## [WORK INSTRUCTION]
Repeat exactly every line that comes at or after the line containing "3D box for the", through the end of the entries below.

## [Stored data]
↓↓↓
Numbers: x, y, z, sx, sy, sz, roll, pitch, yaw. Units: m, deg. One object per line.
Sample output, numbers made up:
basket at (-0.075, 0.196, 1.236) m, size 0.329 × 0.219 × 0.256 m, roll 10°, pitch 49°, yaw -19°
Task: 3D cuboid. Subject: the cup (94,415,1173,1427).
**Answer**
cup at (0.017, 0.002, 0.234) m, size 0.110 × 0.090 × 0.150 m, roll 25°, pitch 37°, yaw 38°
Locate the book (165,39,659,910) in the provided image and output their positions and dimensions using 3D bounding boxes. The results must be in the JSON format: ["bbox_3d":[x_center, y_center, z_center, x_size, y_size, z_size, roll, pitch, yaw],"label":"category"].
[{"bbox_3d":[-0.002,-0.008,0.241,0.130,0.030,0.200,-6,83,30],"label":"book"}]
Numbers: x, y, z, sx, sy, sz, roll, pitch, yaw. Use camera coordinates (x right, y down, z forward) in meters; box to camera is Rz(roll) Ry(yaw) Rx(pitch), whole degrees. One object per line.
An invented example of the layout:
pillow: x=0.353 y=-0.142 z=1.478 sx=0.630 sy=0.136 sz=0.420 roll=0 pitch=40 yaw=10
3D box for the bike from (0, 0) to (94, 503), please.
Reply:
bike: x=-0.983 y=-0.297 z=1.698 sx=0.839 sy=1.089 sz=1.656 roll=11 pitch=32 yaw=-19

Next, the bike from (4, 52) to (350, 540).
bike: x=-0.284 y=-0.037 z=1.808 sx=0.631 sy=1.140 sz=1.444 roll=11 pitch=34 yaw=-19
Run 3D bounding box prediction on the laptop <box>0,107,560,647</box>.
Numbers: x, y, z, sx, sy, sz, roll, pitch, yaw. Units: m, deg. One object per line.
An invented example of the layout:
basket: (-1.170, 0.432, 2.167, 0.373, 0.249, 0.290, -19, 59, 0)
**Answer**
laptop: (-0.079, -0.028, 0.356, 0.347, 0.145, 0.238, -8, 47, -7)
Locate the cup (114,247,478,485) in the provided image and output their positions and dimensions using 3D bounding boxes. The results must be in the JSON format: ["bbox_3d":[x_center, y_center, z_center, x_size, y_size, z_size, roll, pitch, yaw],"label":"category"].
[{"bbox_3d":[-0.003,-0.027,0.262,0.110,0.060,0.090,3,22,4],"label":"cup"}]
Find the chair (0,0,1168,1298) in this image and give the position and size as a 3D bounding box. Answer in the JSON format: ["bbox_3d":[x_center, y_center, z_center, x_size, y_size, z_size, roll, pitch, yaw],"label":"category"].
↑↑↑
## [FINISHED TASK]
3D box for the bike from (0, 0) to (94, 503), please.
Reply:
bike: x=-0.983 y=-0.297 z=1.698 sx=0.839 sy=1.089 sz=1.656 roll=11 pitch=32 yaw=-19

Next, the bike from (4, 52) to (350, 540).
bike: x=-0.284 y=-0.037 z=1.808 sx=0.631 sy=1.140 sz=1.444 roll=11 pitch=34 yaw=-19
Run 3D bounding box prediction on the laptop <box>0,107,560,647</box>.
Numbers: x, y, z, sx, sy, sz, roll, pitch, yaw. Units: m, deg. One object per line.
An invented example of the layout:
basket: (-1.170, 0.432, 2.167, 0.373, 0.249, 0.290, -19, 59, 0)
**Answer**
laptop: (-0.079, -0.028, 0.356, 0.347, 0.145, 0.238, -8, 47, -7)
Locate the cup (114,247,478,485) in the provided image and output their positions and dimensions using 3D bounding boxes. The results must be in the JSON format: ["bbox_3d":[x_center, y_center, z_center, x_size, y_size, z_size, roll, pitch, yaw],"label":"category"].
[{"bbox_3d":[-0.003,-0.027,0.262,0.110,0.060,0.090,3,22,4],"label":"cup"}]
Find the chair (0,0,1168,1298) in this image and give the position and size as a 3D bounding box. Answer in the JSON format: ["bbox_3d":[x_center, y_center, z_center, x_size, y_size, z_size, roll, pitch, yaw],"label":"category"].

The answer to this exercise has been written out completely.